Angespielt: Playstation Classic Bildfehler zerstören Pixel-Nostalgie

Die Playstation Classic soll Gamern die Möglichkeit geben, in der Nostalgie der Neunzigerjahre zu schwelgen. Doch Sonys Nachbildung hat einige Probleme.

(Foto: Sony Interactive Entertainment)

Sony hat die erste Playstation von 1994 geschrumpft und neu aufgelegt. Allerdings fehlen dem enthaltenen Spielepaket viele Klassiker.

Von Caspar von Au

Niedlich sieht sie aus, die kleine graue Box mit den drei Knöpfen. Die "Playstation Classic" passt in eine Hand, sonst ähnelt sie dem deutlich größeren Original - der ersten Playstation von 1994. Entwickler Sony hat das Gehäuse detailgetreu nachgebaut, im Innern treiben natürlich moderne Komponenten die Retro-Konsole an.

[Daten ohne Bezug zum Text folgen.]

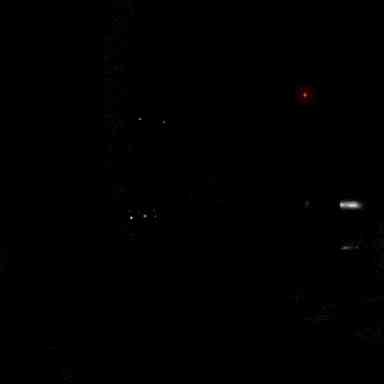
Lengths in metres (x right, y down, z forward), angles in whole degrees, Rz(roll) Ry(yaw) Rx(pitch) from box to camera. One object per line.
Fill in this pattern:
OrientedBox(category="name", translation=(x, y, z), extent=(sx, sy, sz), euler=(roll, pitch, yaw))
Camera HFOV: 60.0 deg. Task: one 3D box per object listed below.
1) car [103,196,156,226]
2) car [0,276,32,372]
OrientedBox(category="car", translation=(-4.801, 1.303, 24.942), extent=(2.150, 2.045, 5.566), euler=(0, 0, -36))
OrientedBox(category="car", translation=(-3.990, 1.568, 3.345), extent=(4.313, 1.339, 1.947), euler=(0, 0, -35))

Vor knapp 25 Jahren war die Playstation eine Revolution. Die Konsole markiert den Start der 3D-Ära im Gaming. Spiele wie "Tomb Raider", "Resident Evil" und "Gran Turismo", deren Fortsetzungen zwei Jahrzehnte später noch auf den nachfolgenden Konsolen-Generationen erscheinen, wurden durch die Playstation geprägt und prägten ihrerseits viele Spieler und Spiele. Die Folge: Viele heute erwachsene Gamer blicken nostalgisch zurück, Retro-Gaming liegt schon seit Jahren im Trend. Der japanische Spieleentwickler Nintendo hatte mit seinen Neuauflagen der noch älteren Konsolen NES und SNES in den vergangenen beiden Jahren große Erfolge. Für Sony ist es also als ein logischer Schritt, die Kult-Konsole in einer überholten Form neu aufzulegen.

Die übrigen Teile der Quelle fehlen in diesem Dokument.